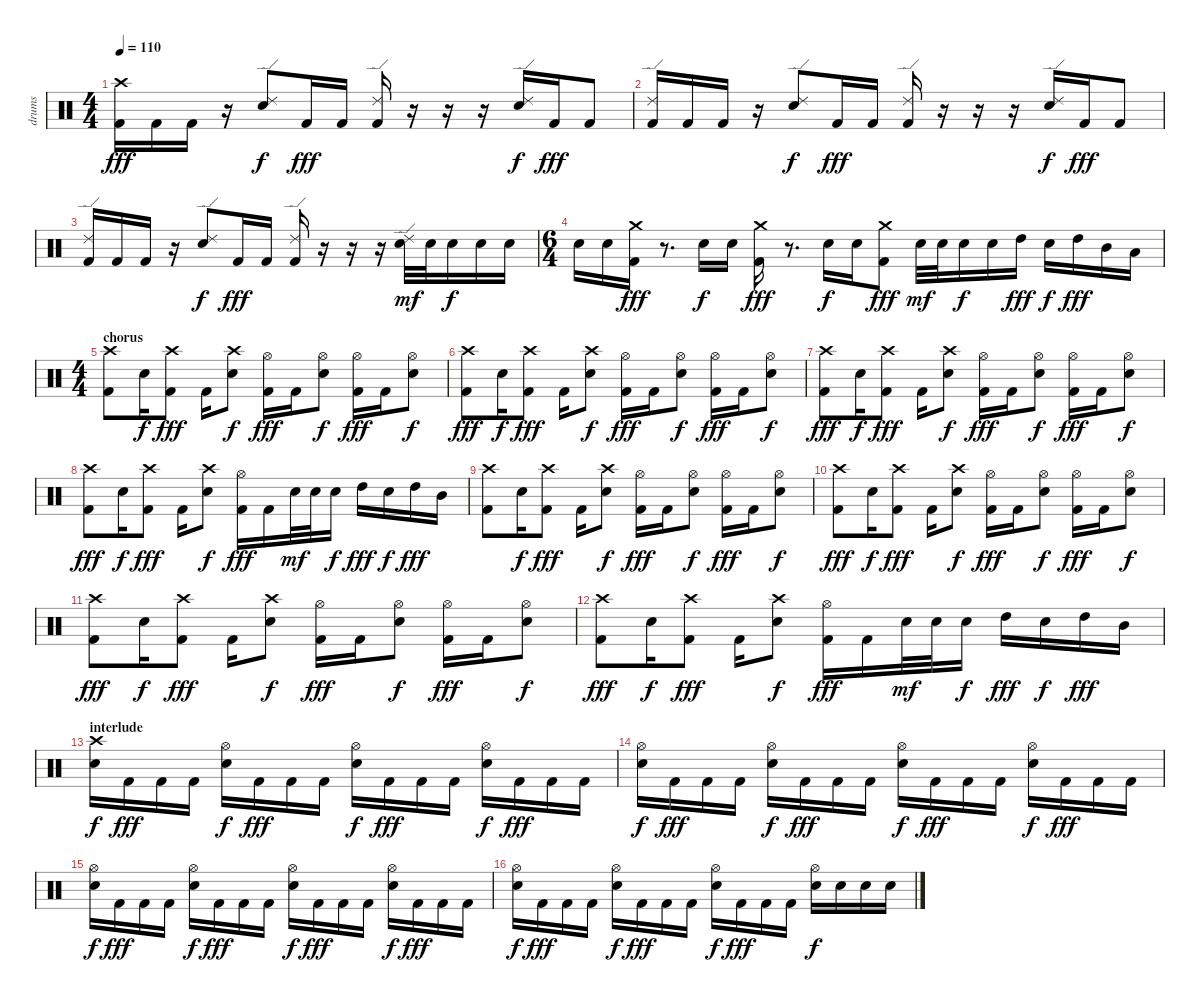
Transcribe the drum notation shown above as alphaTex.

\track ("drums" "drums") {instrument percussion}
\staff {score}
\articulation defaults
\ts (4 4)
\tempo 110
\clef neutral
\ks c
("Crash high (hit)" "Kick (hit) 2").16{dy fff} "Kick (hit) 2".16 "Kick (hit) 2".16 r.16 ("Ride (edge) 2" "Snare (hit) 2").8{dy f} "Kick (hit) 2".16{dy fff} "Kick (hit) 2".16 ("Ride (edge) 2" "Kick (hit) 2").16 r.16 r.16 r.16 ("Ride (edge) 2" "Snare (hit) 2").16{dy f} "Kick (hit) 2".16{dy fff} "Kick (hit) 2".8 |
("Ride (edge) 2" "Kick (hit) 2").16 "Kick (hit) 2".16 "Kick (hit) 2".16 r.16 ("Ride (edge) 2" "Snare (hit) 2").8{dy f} "Kick (hit) 2".16{dy fff} "Kick (hit) 2".16 ("Ride (edge) 2" "Kick (hit) 2").16 r.16 r.16 r.16 ("Ride (edge) 2" "Snare (hit) 2").16{dy f} "Kick (hit) 2".16{dy fff} "Kick (hit) 2".8 |
("Ride (edge) 2" "Kick (hit) 2").16 "Kick (hit) 2".16 "Kick (hit) 2".16 r.16 ("Ride (edge) 2" "Snare (hit) 2").8{dy f} "Kick (hit) 2".16{dy fff} "Kick (hit) 2".16 ("Ride (edge) 2" "Kick (hit) 2").16 r.16 r.16 r.16 ("Ride (edge) 2" "Snare (hit) 2").32{dy mf} "Snare (hit) 2".32 "Snare (hit) 2".16{dy f} "Snare (hit) 2".16 "Snare (hit) 2".16 |
\ts (6 4)
"Snare (hit) 2".16 "Snare (hit) 2".16 ("Crash medium (hit)" "Kick (hit) 2").16{dy fff} r.8{d} "Snare (hit) 2".16{dy f} "Snare (hit) 2".16 ("Crash medium (hit)" "Kick (hit) 2").16{dy fff} r.8{d} "Snare (hit) 2".16{dy f} "Snare (hit) 2".16 ("Crash medium (hit)" "Kick (hit) 2").8{dy fff} "Snare (hit) 2".32{dy mf} "Snare (hit) 2".32 "Snare (hit) 2".16{dy f} "Snare (hit) 2".16 "High Tom (hit)".16{dy fff} "Snare (hit) 2".16{dy f} "High Tom (hit)".16{dy fff} "Mid Tom (hit)".16 "Low Tom (hit)".16 |
\ts (4 4)
\section ("" "chorus")
("Crash high (hit)" "Kick (hit) 2").8 "Snare (hit) 2".16{dy f} ("Crash high (hit)" "Kick (hit) 2").8{dy fff} "Kick (hit) 2".16 ("Crash high (hit)" "Snare (hit) 2").8{dy f} ("Hi-Hat (open)" "Kick (hit) 2").16{dy fff} "Kick (hit) 2".16 ("Hi-Hat (open)" "Snare (hit) 2").8{dy f} ("Hi-Hat (open)" "Kick (hit) 2").16{dy fff} "Kick (hit) 2".16 ("Hi-Hat (open)" "Snare (hit) 2").8{dy f} |
("Crash high (hit)" "Kick (hit) 2").8{dy fff} "Snare (hit) 2".16{dy f} ("Crash high (hit)" "Kick (hit) 2").8{dy fff} "Kick (hit) 2".16 ("Crash high (hit)" "Snare (hit) 2").8{dy f} ("Hi-Hat (open)" "Kick (hit) 2").16{dy fff} "Kick (hit) 2".16 ("Hi-Hat (open)" "Snare (hit) 2").8{dy f} ("Hi-Hat (open)" "Kick (hit) 2").16{dy fff} "Kick (hit) 2".16 ("Hi-Hat (open)" "Snare (hit) 2").8{dy f} |
("Crash high (hit)" "Kick (hit) 2").8{dy fff} "Snare (hit) 2".16{dy f} ("Crash high (hit)" "Kick (hit) 2").8{dy fff} "Kick (hit) 2".16 ("Crash high (hit)" "Snare (hit) 2").8{dy f} ("Hi-Hat (open)" "Kick (hit) 2").16{dy fff} "Kick (hit) 2".16 ("Hi-Hat (open)" "Snare (hit) 2").8{dy f} ("Hi-Hat (open)" "Kick (hit) 2").16{dy fff} "Kick (hit) 2".16 ("Hi-Hat (open)" "Snare (hit) 2").8{dy f} |
("Crash high (hit)" "Kick (hit) 2").8{dy fff} "Snare (hit) 2".16{dy f} ("Crash high (hit)" "Kick (hit) 2").8{dy fff} "Kick (hit) 2".16 ("Crash high (hit)" "Snare (hit) 2").8{dy f} ("Hi-Hat (open)" "Kick (hit) 2").16{dy fff} "Kick (hit) 2".16 "Snare (hit) 2".32{dy mf} "Snare (hit) 2".32 "Snare (hit) 2".16{dy f} "High Tom (hit)".16{dy fff} "Snare (hit) 2".16{dy f} "High Tom (hit)".16{dy fff} "Mid Tom (hit)".16 |
("Crash high (hit)" "Kick (hit) 2").8 "Snare (hit) 2".16{dy f} ("Crash high (hit)" "Kick (hit) 2").8{dy fff} "Kick (hit) 2".16 ("Crash high (hit)" "Snare (hit) 2").8{dy f} ("Hi-Hat (open)" "Kick (hit) 2").16{dy fff} "Kick (hit) 2".16 ("Hi-Hat (open)" "Snare (hit) 2").8{dy f} ("Hi-Hat (open)" "Kick (hit) 2").16{dy fff} "Kick (hit) 2".16 ("Hi-Hat (open)" "Snare (hit) 2").8{dy f} |
("Crash high (hit)" "Kick (hit) 2").8{dy fff} "Snare (hit) 2".16{dy f} ("Crash high (hit)" "Kick (hit) 2").8{dy fff} "Kick (hit) 2".16 ("Crash high (hit)" "Snare (hit) 2").8{dy f} ("Hi-Hat (open)" "Kick (hit) 2").16{dy fff} "Kick (hit) 2".16 ("Hi-Hat (open)" "Snare (hit) 2").8{dy f} ("Hi-Hat (open)" "Kick (hit) 2").16{dy fff} "Kick (hit) 2".16 ("Hi-Hat (open)" "Snare (hit) 2").8{dy f} |
("Crash high (hit)" "Kick (hit) 2").8{dy fff} "Snare (hit) 2".16{dy f} ("Crash high (hit)" "Kick (hit) 2").8{dy fff} "Kick (hit) 2".16 ("Crash high (hit)" "Snare (hit) 2").8{dy f} ("Hi-Hat (open)" "Kick (hit) 2").16{dy fff} "Kick (hit) 2".16 ("Hi-Hat (open)" "Snare (hit) 2").8{dy f} ("Hi-Hat (open)" "Kick (hit) 2").16{dy fff} "Kick (hit) 2".16 ("Hi-Hat (open)" "Snare (hit) 2").8{dy f} |
("Crash high (hit)" "Kick (hit) 2").8{dy fff} "Snare (hit) 2".16{dy f} ("Crash high (hit)" "Kick (hit) 2").8{dy fff} "Kick (hit) 2".16 ("Crash high (hit)" "Snare (hit) 2").8{dy f} ("Hi-Hat (open)" "Kick (hit) 2").16{dy fff} "Kick (hit) 2".16 "Snare (hit) 2".32{dy mf} "Snare (hit) 2".32 "Snare (hit) 2".16{dy f} "High Tom (hit)".16{dy fff} "Snare (hit) 2".16{dy f} "High Tom (hit)".16{dy fff} "Mid Tom (hit)".16 |
\section ("" "interlude")
("Crash high (hit)" "Snare (hit) 2").16{dy f} "Kick (hit) 2".16{dy fff} "Kick (hit) 2".16 "Kick (hit) 2".16 ("Hi-Hat (open)" "Snare (hit) 2").16{dy f} "Kick (hit) 2".16{dy fff} "Kick (hit) 2".16 "Kick (hit) 2".16 ("Hi-Hat (open)" "Snare (hit) 2").16{dy f} "Kick (hit) 2".16{dy fff} "Kick (hit) 2".16 "Kick (hit) 2".16 ("Hi-Hat (open)" "Snare (hit) 2").16{dy f} "Kick (hit) 2".16{dy fff} "Kick (hit) 2".16 "Kick (hit) 2".16 |
("Hi-Hat (open)" "Snare (hit) 2").16{dy f} "Kick (hit) 2".16{dy fff} "Kick (hit) 2".16 "Kick (hit) 2".16 ("Hi-Hat (open)" "Snare (hit) 2").16{dy f} "Kick (hit) 2".16{dy fff} "Kick (hit) 2".16 "Kick (hit) 2".16 ("Hi-Hat (open)" "Snare (hit) 2").16{dy f} "Kick (hit) 2".16{dy fff} "Kick (hit) 2".16 "Kick (hit) 2".16 ("Hi-Hat (open)" "Snare (hit) 2").16{dy f} "Kick (hit) 2".16{dy fff} "Kick (hit) 2".16 "Kick (hit) 2".16 |
("Hi-Hat (open)" "Snare (hit) 2").16{dy f} "Kick (hit) 2".16{dy fff} "Kick (hit) 2".16 "Kick (hit) 2".16 ("Hi-Hat (open)" "Snare (hit) 2").16{dy f} "Kick (hit) 2".16{dy fff} "Kick (hit) 2".16 "Kick (hit) 2".16 ("Hi-Hat (open)" "Snare (hit) 2").16{dy f} "Kick (hit) 2".16{dy fff} "Kick (hit) 2".16 "Kick (hit) 2".16 ("Hi-Hat (open)" "Snare (hit) 2").16{dy f} "Kick (hit) 2".16{dy fff} "Kick (hit) 2".16 "Kick (hit) 2".16 |
("Hi-Hat (open)" "Snare (hit) 2").16{dy f} "Kick (hit) 2".16{dy fff} "Kick (hit) 2".16 "Kick (hit) 2".16 ("Hi-Hat (open)" "Snare (hit) 2").16{dy f} "Kick (hit) 2".16{dy fff} "Kick (hit) 2".16 "Kick (hit) 2".16 ("Hi-Hat (open)" "Snare (hit) 2").16{dy f} "Kick (hit) 2".16{dy fff} "Kick (hit) 2".16 "Kick (hit) 2".16 ("Hi-Hat (open)" "Snare (hit) 2").16{dy f} "Snare (hit) 2".16 "Snare (hit) 2".16 "Snare (hit) 2".16

== == ==

▶ Exercise aim
Every line of the listing above that contains "Ride" is to be copied.

▶ Result of this task
("Crash high (hit)" "Kick (hit) 2").16{dy fff} "Kick (hit) 2".16 "Kick (hit) 2".16 r.16 ("Ride (edge) 2" "Snare (hit) 2").8{dy f} "Kick (hit) 2".16{dy fff} "Kick (hit) 2".16 ("Ride (edge) 2" "Kick (hit) 2").16 r.16 r.16 r.16 ("Ride (edge) 2" "Snare (hit) 2").16{dy f} "Kick (hit) 2".16{dy fff} "Kick (hit) 2".8 |
("Ride (edge) 2" "Kick (hit) 2").16 "Kick (hit) 2".16 "Kick (hit) 2".16 r.16 ("Ride (edge) 2" "Snare (hit) 2").8{dy f} "Kick (hit) 2".16{dy fff} "Kick (hit) 2".16 ("Ride (edge) 2" "Kick (hit) 2").16 r.16 r.16 r.16 ("Ride (edge) 2" "Snare (hit) 2").16{dy f} "Kick (hit) 2".16{dy fff} "Kick (hit) 2".8 |
("Ride (edge) 2" "Kick (hit) 2").16 "Kick (hit) 2".16 "Kick (hit) 2".16 r.16 ("Ride (edge) 2" "Snare (hit) 2").8{dy f} "Kick (hit) 2".16{dy fff} "Kick (hit) 2".16 ("Ride (edge) 2" "Kick (hit) 2").16 r.16 r.16 r.16 ("Ride (edge) 2" "Snare (hit) 2").32{dy mf} "Snare (hit) 2".32 "Snare (hit) 2".16{dy f} "Snare (hit) 2".16 "Snare (hit) 2".16 |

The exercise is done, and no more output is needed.